| HN Mirror

Y	Hacker News new \| ask \| show \| jobs

by confuseshrink 2172 days ago

Vectorization: I'm not an expert in this area so I can only tell you what I've personally found difficult in dealing with vectorization. Usually it all comes down to alignment and vector lanes. To utilize the vector instructions you basically have to paint your memory into separate (but interleaved) regions that can be mapped to distinct vector lanes efficiently. Everything is fine as long as no two elements from separate lanes have to be mixed in some way, as soon as your computation requires that you incur a heavy cost.

Dealing with these issues might require you to know the corners of the instruction set really well or some times the solution is outside of the instruction set and is related to how your data structure is laid out in memory leading you to AoS vs SoA analysis etc.

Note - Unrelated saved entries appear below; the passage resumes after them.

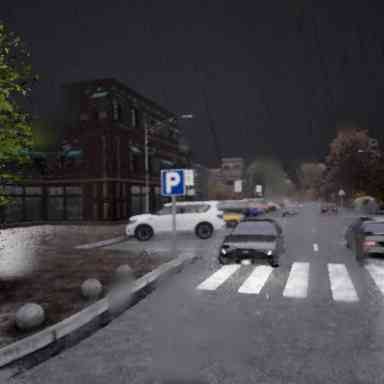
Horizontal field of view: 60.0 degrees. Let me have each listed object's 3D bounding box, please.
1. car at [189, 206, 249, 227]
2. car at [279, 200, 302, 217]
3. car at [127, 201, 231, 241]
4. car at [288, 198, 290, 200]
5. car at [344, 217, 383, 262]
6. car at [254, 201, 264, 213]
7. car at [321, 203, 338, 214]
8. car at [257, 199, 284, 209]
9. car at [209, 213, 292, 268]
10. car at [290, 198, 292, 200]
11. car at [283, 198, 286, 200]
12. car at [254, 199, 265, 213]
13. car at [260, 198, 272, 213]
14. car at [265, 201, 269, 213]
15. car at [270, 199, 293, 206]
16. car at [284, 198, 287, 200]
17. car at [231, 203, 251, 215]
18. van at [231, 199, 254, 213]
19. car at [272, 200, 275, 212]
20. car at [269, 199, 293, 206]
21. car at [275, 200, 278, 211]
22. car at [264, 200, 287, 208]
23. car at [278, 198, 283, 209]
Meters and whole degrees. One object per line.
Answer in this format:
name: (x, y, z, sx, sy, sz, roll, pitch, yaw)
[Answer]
car: (2.142, 2.004, 27.516, 4.674, 1.452, 2.002, -2, -2, -1)
car: (11.155, 1.985, 37.049, 1.837, 1.490, 4.892, -2, -2, 20)
car: (-0.880, 1.607, 19.006, 5.566, 2.045, 2.435, -2, -1, -1)
car: (17.266, 2.576, 69.948, 4.792, 1.488, 2.163, -2, -2, 0)
car: (6.765, 1.620, 12.131, 2.033, 1.411, 5.357, -2, -1, 20)
car: (4.154, 2.034, 33.172, 5.008, 1.535, 2.097, -2, -1, -1)
car: (17.535, 2.058, 42.629, 1.895, 1.301, 4.718, -2, -1, 19)
car: (15.190, 2.336, 64.299, 4.553, 1.767, 2.185, -2, -2, 0)
car: (2.420, 1.716, 12.296, 2.033, 1.411, 5.357, -2, -1, 19)
car: (21.228, 2.734, 81.266, 4.892, 1.521, 2.231, -2, -2, -1)
car: (12.390, 2.325, 55.814, 5.366, 1.575, 1.946, -2, -2, 0)
car: (5.116, 1.945, 36.018, 4.553, 1.767, 2.185, -2, -2, -1)
car: (7.192, 2.015, 41.666, 4.553, 1.767, 2.185, -2, -1, 0)
car: (6.157, 2.145, 38.839, 4.674, 1.452, 2.002, -2, -2, 0)
car: (23.408, 2.818, 86.929, 5.366, 1.575, 1.946, -2, -2, -1)
car: (13.223, 2.124, 58.660, 5.566, 2.045, 2.435, -2, -2, -1)
car: (1.333, 1.919, 24.683, 5.366, 1.575, 1.946, -2, -2, -1)
van: (3.021, 1.777, 30.345, 4.442, 1.987, 1.878, -2, -1, -1)
car: (8.199, 2.051, 44.493, 4.553, 1.767, 2.185, -2, -1, 0)
car: (22.415, 2.771, 84.097, 5.366, 1.575, 1.946, -2, -2, -1)
car: (9.208, 2.245, 47.331, 4.792, 1.488, 2.163, -2, -2, 0)
car: (18.238, 2.634, 72.777, 4.674, 1.452, 2.002, -2, -2, -1)
car: (10.207, 2.002, 50.163, 5.566, 2.045, 2.435, -2, -2, 0)

Compilers and vectorization: Based on reading a lot of assembly output I think what compilers usually struggle with are assumptions that the human programmer know hold for a given piece of code, but the compiler has no right to make. Some of this is basic alignment, gcc and clang have intrinsics for these. Some times it's related to the memory model of the programming language disallowing a load or a store at specific points.

GPGPU programmability: GPUs being easy to program is something I take with a grain of salt, yes it's easy to get up and running with CUDA. Making an _efficient_ CUDA program however is easily as challenging if not more than writing an efficient AVX program.